Task description: Transcription task. Write out each entry verbatim and exclude any image.

Material supplied:

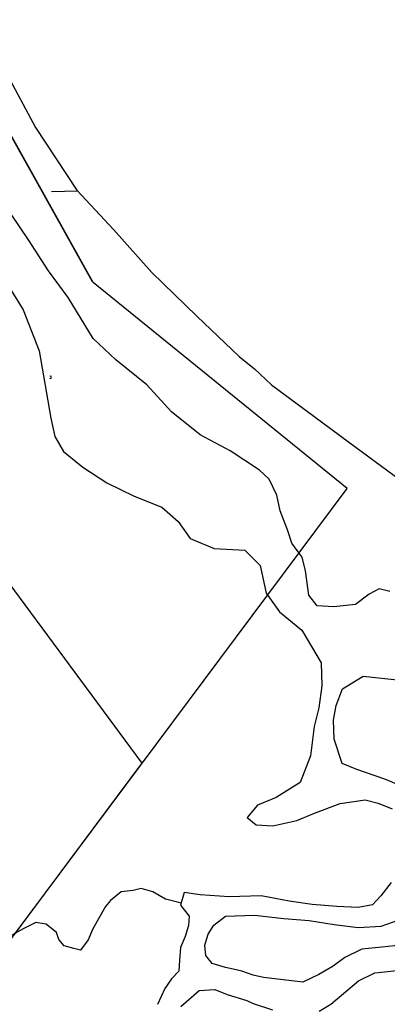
# Model space of a CAD drawing. Header units: feet. Extents: x 18803 to 104580, y -6601 to 116448.
# Tile 26 of 95: x 38826 to 40239, y 75412 to 79204. Entities that reach past the tile are written whole.
import ezdxf

# ---------------------------------------------------------------- set-up
doc = ezdxf.new("R2010")
doc.units = ezdxf.units.FT
doc.header["$LTSCALE"] = 100
doc.header["$MEASUREMENT"] = 0
doc.linetypes.add('DASHED', pattern=[0.75, 0.5, -0.25])
for name, color, linetype in [('ELRGOV-SECTION', 253, 'DASHED'), ('ELRP', 252, 'Continuous'), ('ETRP', 3, 'Continuous'), ('ETTS-STREAM AND ROAD NAMES', 3, 'Continuous'), ('SL-VICINITY MAP', 2, 'Continuous')]:
    doc.layers.add(name, color=color, linetype=linetype)
doc.styles.add('L100', font='simplex.shx', dxfattribs={"height": 10})
doc.styles.add('L2640', font='simplex.shx', dxfattribs={"height": 264})

msp = doc.modelspace()

# ---------------------------------------------------------------- linework, layer by layer
at = {"layer": 'ELRGOV-SECTION', "ltscale": 50}
msp.add_lwpolyline([(19583.4, 78121.5), (24648.5, 78231.3), (29925.7, 78344.1), (35199.3, 78460.1), (39048, 78544.8)], dxfattribs=at)
at = {"layer": 'ELRP'}
for p, q in [((39106.1, 78194.3), (38367.1, 79518.1)), ((39108.7, 78191.6), (38370, 79515.5)), ((37727.7, 78464.8), (39295, 76340.6)), ((40085.3, 77398.7), (39108.7, 78191.6)), ((38668.7, 75498.5), (40085.3, 77398.7)), ((39294, 76339.3), (38633, 75451.1)), ((39295, 76340.6), (39294, 76339.3))]:
    msp.add_line(p, q, dxfattribs=at)
at = {"layer": 'SL-VICINITY MAP'}
for points in [[(38648.9, 79319.4), (38691.3, 79162.6), (38769.4, 79006.2), (38886.2, 78788.1), (39045.4, 78547.6), (39186.8, 78395.5), (39334, 78230.3), (39507.5, 78062.1), (39670.1, 77907), (39729.3, 77858.7), (39794.1, 77797.3), (40090.8, 77578.4), (40362.7, 77376.7)], [(40248.8, 77002.3), (40208.6, 77011.5), (40169.6, 76991.3), (40116.8, 76951.8), (40033.3, 76942.8), (39970.3, 76947), (39937.2, 76987.9), (39924.9, 77082), (39912.3, 77134.1), (39896.8, 77154.6), (39872.4, 77187.4), (39855.6, 77239.4), (39827.5, 77312), (39814.5, 77372.5), (39784.7, 77434.5), (39747.7, 77469), (39635.6, 77543.1), (39519.9, 77604.5), (39409.4, 77693.3), (39315, 77797.4), (39195.7, 77894.4), (39108.4, 77975.6), (39011.7, 78134.3), (38936.2, 78236.9), (38859.9, 78356.4), (38792.9, 78455.1)], [(38743.1, 78241.1), (38839.7, 78086.6), (38900.8, 77928.8), (38945.1, 77669.6), (38960.6, 77598.7), (38994.5, 77540.9), (39068.2, 77480.3), (39160.8, 77420.3), (39265.6, 77369.2), (39372.2, 77326.4), (39435.2, 77271.8), (39481.9, 77206.1), (39573.6, 77167.1), (39691.2, 77160.5), (39750.2, 77101.5), (39773.5, 76995.1), (39824.6, 76923.3), (39911.3, 76852.7), (39985.6, 76727), (39987.2, 76638.9), (39976, 76554.5), (39958, 76482.6), (39943.8, 76368.8), (39904, 76266.7), (39812.2, 76209.1), (39740.1, 76179.5), (39700.2, 76132), (39734.8, 76103.8), (39799.9, 76099.6), (39891.2, 76119.4), (39959.1, 76148.9), (40058.1, 76185.7), (40153.9, 76199.4), (40204.7, 76186.3), (40257.9, 76165)], [(40300.5, 76250.3), (40230.2, 76279.5), (40121.9, 76315.8), (40066.5, 76339.2), (40035.4, 76432.6), (40032.4, 76506), (40042.6, 76563), (40067.3, 76626.8), (40146.9, 76675.6), (40313.2, 76658)], [(40254.9, 75881.6), (40215.1, 75830), (40183.1, 75795.4), (40126.9, 75785.1), (40045.1, 75788.8), (39950.6, 75796.1), (39862.1, 75810), (39754.5, 75829.6), (39631.1, 75825.5), (39519.8, 75834.4), (39458.7, 75842.9), (39444, 75794.2), (39477.2, 75751.2), (39474.5, 75715.5), (39461.6, 75673.1), (39444.5, 75630.6), (39440.2, 75582.2), (39437.8, 75540.2), (39409.7, 75509.9), (39384, 75473.4), (39355.2, 75411.7)], [(39446.3, 75801.8), (39437.3, 75804.5), (39386.5, 75817.5), (39337.2, 75845.2), (39292.7, 75858.5), (39261.6, 75851.1), (39215.7, 75845.4), (39175.2, 75812.6), (39155.3, 75788.9), (39106.5, 75703.4), (39089.4, 75660.9), (39059.7, 75620.1), (39034.3, 75627.6), (38996.2, 75636.9), (38976.3, 75661.4), (38966.8, 75688.3), (38927.8, 75720.6), (38887.7, 75727.7), (38838.5, 75703), (38795.6, 75678.5)], [(40292, 75639.5), (40219, 75632.9), (40141.9, 75624.1), (40076.2, 75592.6), (40031.5, 75559.7), (39976.4, 75526.4), (39914.8, 75497.1), (39763.3, 75515.2), (39723.1, 75524.4), (39680.6, 75539.8), (39646.8, 75547.1), (39617.2, 75554.5), (39566.3, 75569.6), (39542, 75600.3), (39538.3, 75640), (39551.2, 75682.3), (39572.8, 75716.6), (39617.4, 75751.6), (39728.3, 75755.3), (39841.9, 75742.2), (39938.5, 75734.9), (40035.4, 75719.2), (40128, 75707.6), (40215.8, 75712.5), (40281.8, 75735.7)], [(39978, 75386), (40022.9, 75412.6), (40071.5, 75454), (40128.1, 75502), (40191.7, 75533.5), (40277.2, 75542.6)], [(39445.5, 75404.2), (39516.2, 75465.2), (39576.8, 75469.3), (39623.6, 75449.8), (39699.9, 75427.2), (39723.4, 75415.4), (39797.7, 75390.5)]]:
    msp.add_lwpolyline(points, dxfattribs=at)

# ---------------------------------------------------------------- texts
at = {"layer": 'ETRP', "style": 'L100'}
msp.add_text('3', height=10, rotation=0.9563, dxfattribs=at).set_placement((38939.9, 77821.6))
at = {"layer": 'ETTS-STREAM AND ROAD NAMES', "style": 'L2640'}
msp.add_text('CHINIAK    HIGHWAY', height=264, rotation=326.5581, dxfattribs=at).set_placement((37234, 75908.3))

doc.saveas('drawing.dxf')

Task answer:
# Model space of a CAD drawing. Header units: feet. Extents: x 18803 to 104580, y -6601 to 116448.
# Tile 26 of 95: x 38826 to 40239, y 75412 to 79204. Entities that reach past the tile are written whole.
import ezdxf

# ---------------------------------------------------------------- set-up
doc = ezdxf.new("R2010")
doc.units = ezdxf.units.FT
doc.header["$LTSCALE"] = 100
doc.header["$MEASUREMENT"] = 0
doc.linetypes.add('DASHED', pattern=[0.75, 0.5, -0.25])
for name, color, linetype in [('ELRGOV-SECTION', 253, 'DASHED'), ('ELRP', 252, 'Continuous'), ('ETRP', 3, 'Continuous'), ('ETTS-STREAM AND ROAD NAMES', 3, 'Continuous'), ('SL-VICINITY MAP', 2, 'Continuous')]:
    doc.layers.add(name, color=color, linetype=linetype)
doc.styles.add('L100', font='simplex.shx', dxfattribs={"height": 10})
doc.styles.add('L2640', font='simplex.shx', dxfattribs={"height": 264})

msp = doc.modelspace()

# ---------------------------------------------------------------- linework, layer by layer
at = {"layer": 'ELRGOV-SECTION', "ltscale": 50}
msp.add_lwpolyline([(19583.4, 78121.5), (24648.5, 78231.3), (29925.7, 78344.1), (35199.3, 78460.1), (39048, 78544.8)], dxfattribs=at)
at = {"layer": 'ELRP'}
for p, q in [((39106.1, 78194.3), (38367.1, 79518.1)), ((39108.7, 78191.6), (38370, 79515.5)), ((37727.7, 78464.8), (39295, 76340.6)), ((40085.3, 77398.7), (39108.7, 78191.6)), ((38668.7, 75498.5), (40085.3, 77398.7)), ((39294, 76339.3), (38633, 75451.1)), ((39295, 76340.6), (39294, 76339.3))]:
    msp.add_line(p, q, dxfattribs=at)
at = {"layer": 'SL-VICINITY MAP'}
for points in [[(38648.9, 79319.4), (38691.3, 79162.6), (38769.4, 79006.2), (38886.2, 78788.1), (39045.4, 78547.6), (39186.8, 78395.5), (39334, 78230.3), (39507.5, 78062.1), (39670.1, 77907), (39729.3, 77858.7), (39794.1, 77797.3), (40090.8, 77578.4), (40362.7, 77376.7)], [(40248.8, 77002.3), (40208.6, 77011.5), (40169.6, 76991.3), (40116.8, 76951.8), (40033.3, 76942.8), (39970.3, 76947), (39937.2, 76987.9), (39924.9, 77082), (39912.3, 77134.1), (39896.8, 77154.6), (39872.4, 77187.4), (39855.6, 77239.4), (39827.5, 77312), (39814.5, 77372.5), (39784.7, 77434.5), (39747.7, 77469), (39635.6, 77543.1), (39519.9, 77604.5), (39409.4, 77693.3), (39315, 77797.4), (39195.7, 77894.4), (39108.4, 77975.6), (39011.7, 78134.3), (38936.2, 78236.9), (38859.9, 78356.4), (38792.9, 78455.1)], [(38743.1, 78241.1), (38839.7, 78086.6), (38900.8, 77928.8), (38945.1, 77669.6), (38960.6, 77598.7), (38994.5, 77540.9), (39068.2, 77480.3), (39160.8, 77420.3), (39265.6, 77369.2), (39372.2, 77326.4), (39435.2, 77271.8), (39481.9, 77206.1), (39573.6, 77167.1), (39691.2, 77160.5), (39750.2, 77101.5), (39773.5, 76995.1), (39824.6, 76923.3), (39911.3, 76852.7), (39985.6, 76727), (39987.2, 76638.9), (39976, 76554.5), (39958, 76482.6), (39943.8, 76368.8), (39904, 76266.7), (39812.2, 76209.1), (39740.1, 76179.5), (39700.2, 76132), (39734.8, 76103.8), (39799.9, 76099.6), (39891.2, 76119.4), (39959.1, 76148.9), (40058.1, 76185.7), (40153.9, 76199.4), (40204.7, 76186.3), (40257.9, 76165)], [(40300.5, 76250.3), (40230.2, 76279.5), (40121.9, 76315.8), (40066.5, 76339.2), (40035.4, 76432.6), (40032.4, 76506), (40042.6, 76563), (40067.3, 76626.8), (40146.9, 76675.6), (40313.2, 76658)], [(40254.9, 75881.6), (40215.1, 75830), (40183.1, 75795.4), (40126.9, 75785.1), (40045.1, 75788.8), (39950.6, 75796.1), (39862.1, 75810), (39754.5, 75829.6), (39631.1, 75825.5), (39519.8, 75834.4), (39458.7, 75842.9), (39444, 75794.2), (39477.2, 75751.2), (39474.5, 75715.5), (39461.6, 75673.1), (39444.5, 75630.6), (39440.2, 75582.2), (39437.8, 75540.2), (39409.7, 75509.9), (39384, 75473.4), (39355.2, 75411.7)], [(39446.3, 75801.8), (39437.3, 75804.5), (39386.5, 75817.5), (39337.2, 75845.2), (39292.7, 75858.5), (39261.6, 75851.1), (39215.7, 75845.4), (39175.2, 75812.6), (39155.3, 75788.9), (39106.5, 75703.4), (39089.4, 75660.9), (39059.7, 75620.1), (39034.3, 75627.6), (38996.2, 75636.9), (38976.3, 75661.4), (38966.8, 75688.3), (38927.8, 75720.6), (38887.7, 75727.7), (38838.5, 75703), (38795.6, 75678.5)], [(40292, 75639.5), (40219, 75632.9), (40141.9, 75624.1), (40076.2, 75592.6), (40031.5, 75559.7), (39976.4, 75526.4), (39914.8, 75497.1), (39763.3, 75515.2), (39723.1, 75524.4), (39680.6, 75539.8), (39646.8, 75547.1), (39617.2, 75554.5), (39566.3, 75569.6), (39542, 75600.3), (39538.3, 75640), (39551.2, 75682.3), (39572.8, 75716.6), (39617.4, 75751.6), (39728.3, 75755.3), (39841.9, 75742.2), (39938.5, 75734.9), (40035.4, 75719.2), (40128, 75707.6), (40215.8, 75712.5), (40281.8, 75735.7)], [(39978, 75386), (40022.9, 75412.6), (40071.5, 75454), (40128.1, 75502), (40191.7, 75533.5), (40277.2, 75542.6)], [(39445.5, 75404.2), (39516.2, 75465.2), (39576.8, 75469.3), (39623.6, 75449.8), (39699.9, 75427.2), (39723.4, 75415.4), (39797.7, 75390.5)]]:
    msp.add_lwpolyline(points, dxfattribs=at)

# ---------------------------------------------------------------- texts
at = {"layer": 'ETRP', "style": 'L100'}
msp.add_text('3', height=10, rotation=0.9563, dxfattribs=at).set_placement((38939.9, 77821.6))
at = {"layer": 'ETTS-STREAM AND ROAD NAMES', "style": 'L2640'}
msp.add_text('CHINIAK    HIGHWAY', height=264, rotation=326.5581, dxfattribs=at).set_placement((37234, 75908.3))

doc.saveas('drawing.dxf')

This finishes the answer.